Quotulatiousness

September 27, 2015

QotD: Duelling at German universities

Filed under: Europe, Germany, History — Tags: , , , — Nicholas @ 01:00

The Mensur has been described so often and so thoroughly that I do not intend to bore my readers with any detailed account of it. I merely come forward as an impressionist, and I write purposely the impression of my first Mensur, because I believe that first impressions are more true and useful than opinions blunted by intercourse, or shaped by influence.

[…]

Use blinds one to everything one does not wish to see. Every third German gentleman you meet in the street still bears, and will bear to his grave, marks of the twenty to a hundred duels he has fought in his student days. The German children play at the Mensur in the nursery, rehearse it in the gymnasium. The Germans have come to persuade themselves there is no brutality in it — nothing offensive, nothing degrading. Their argument is that it schools the German youth to coolness and courage. If this could be proved, the argument, particularly in a country where every man is a soldier, would be sufficiently one-sided. But is the virtue of the prize-fighter the virtue of the soldier? One doubts it. Nerve and dash are surely of more service in the field than a temperament of unreasoning indifference as to what is happening to one. As a matter of fact, the German student would have to be possessed of much more courage not to fight. He fights not to please himself, but to satisfy a public opinion that is two hundred years behind the times.

All the Mensur does is to brutalise him. There may be skill displayed — I am told there is, — but it is not apparent. The mere fighting is like nothing so much as a broadsword combat at a Richardson’s show; the display as a whole a successful attempt to combine the ludicrous with the unpleasant. In aristocratic Bonn, where style is considered, and in Heidelberg, where visitors from other nations are more common, the affair is perhaps more formal. I am told that there the contests take place in handsome rooms; that grey-haired doctors wait upon the wounded, and liveried servants upon the hungry, and that the affair is conducted throughout with a certain amount of picturesque ceremony. In the more essentially German Universities, where strangers are rare and not much encouraged, the simple essentials are the only things kept in view, and these are not of an inviting nature.

Indeed, so distinctly uninviting are they, that I strongly advise the sensitive reader to avoid even this description of them. The subject cannot be made pretty, and I do not intend to try.

The room is bare and sordid; its walls splashed with mixed stains of beer, blood, and candle-grease; its ceiling, smoky; its floor, sawdust covered. A crowd of students, laughing, smoking, talking, some sitting on the floor, others perched upon chairs and benches form the framework.

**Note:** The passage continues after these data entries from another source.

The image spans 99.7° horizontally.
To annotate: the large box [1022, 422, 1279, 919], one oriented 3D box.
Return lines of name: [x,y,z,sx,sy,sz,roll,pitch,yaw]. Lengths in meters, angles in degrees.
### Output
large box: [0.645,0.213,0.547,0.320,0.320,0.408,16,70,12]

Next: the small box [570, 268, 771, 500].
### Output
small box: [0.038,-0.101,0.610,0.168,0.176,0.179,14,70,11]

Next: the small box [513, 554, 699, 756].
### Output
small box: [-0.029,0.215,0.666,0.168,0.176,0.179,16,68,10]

In the centre, facing one another, stand the combatants, resembling Japanese warriors, as made familiar to us by the Japanese tea-tray. Quaint and rigid, with their goggle-covered eyes, their necks tied up in comforters, their bodies smothered in what looks like dirty bed quilts, their padded arms stretched straight above their heads, they might be a pair of ungainly clockwork figures. The seconds, also more or less padded — their heads and faces protected by huge leather-peaked caps, — drag them out into their proper position. One almost listens to hear the sound of the castors. The umpire takes his place, the word is given, and immediately there follow five rapid clashes of the long straight swords. There is no interest in watching the fight: there is no movement, no skill, no grace (I am speaking of my own impressions.) The strongest man wins; the man who, with his heavily-padded arm, always in an unnatural position, can hold his huge clumsy sword longest without growing too weak to be able either to guard or to strike.

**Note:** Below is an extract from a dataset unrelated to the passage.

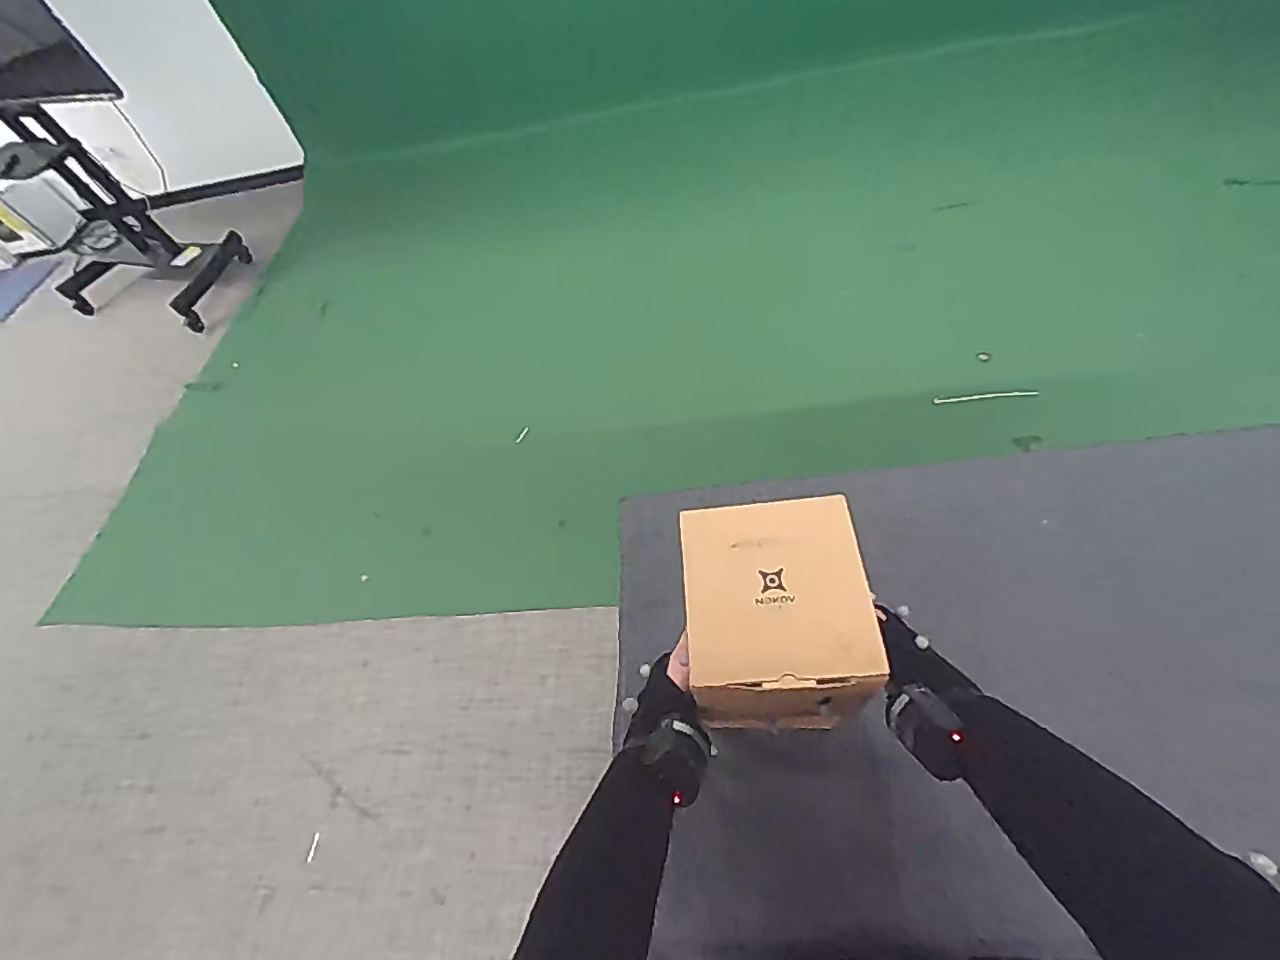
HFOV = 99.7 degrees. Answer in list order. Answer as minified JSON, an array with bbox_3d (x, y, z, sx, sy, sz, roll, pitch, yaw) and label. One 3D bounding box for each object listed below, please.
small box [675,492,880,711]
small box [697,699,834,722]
[{"bbox_3d":[0.131,0.135,0.563,0.168,0.176,0.179,-6,55,7],"label":"small box"},{"bbox_3d":[0.159,0.212,0.705,0.168,0.176,0.179,-4,57,8],"label":"small box"}]

The whole interest is centred in watching the wounds. They come always in one of two places — on the top of the head or the left side of the face. Sometimes a portion of hairy scalp or section of cheek flies up into the air, to be carefully preserved in an envelope by its proud possessor, or, strictly speaking, its proud former possessor, and shown round on convivial evenings; and from every wound, of course, flows a plentiful stream of blood. It splashes doctors, seconds, and spectators; it sprinkles ceiling and walls; it saturates the fighters, and makes pools for itself in the sawdust. At the end of each round the doctors rush up, and with hands already dripping with blood press together the gaping wounds, dabbing them with little balls of wet cotton wool, which an attendant carries ready on a plate. Naturally, the moment the men stand up again and commence work, the blood gushes out again, half blinding them, and rendering the ground beneath them slippery. Now and then you see a man’s teeth laid bare almost to the ear, so that for the rest of the duel he appears to be grinning at one half of the spectators, his other side, remaining serious; and sometimes a man’s nose gets slit, which gives to him as he fights a singularly supercilious air.

As the object of each student is to go away from the University bearing as many scars as possible, I doubt if any particular pains are taken to guard, even to the small extent such method of fighting can allow. The real victor is he who comes out with the greatest number of wounds; he who then, stitched and patched almost to unrecognition as a human being, can promenade for the next month, the envy of the German youth, the admiration of the German maiden. He who obtains only a few unimportant wounds retires sulky and disappointed.

Jerome K. Jerome, Three Men on the Bummel, 1914.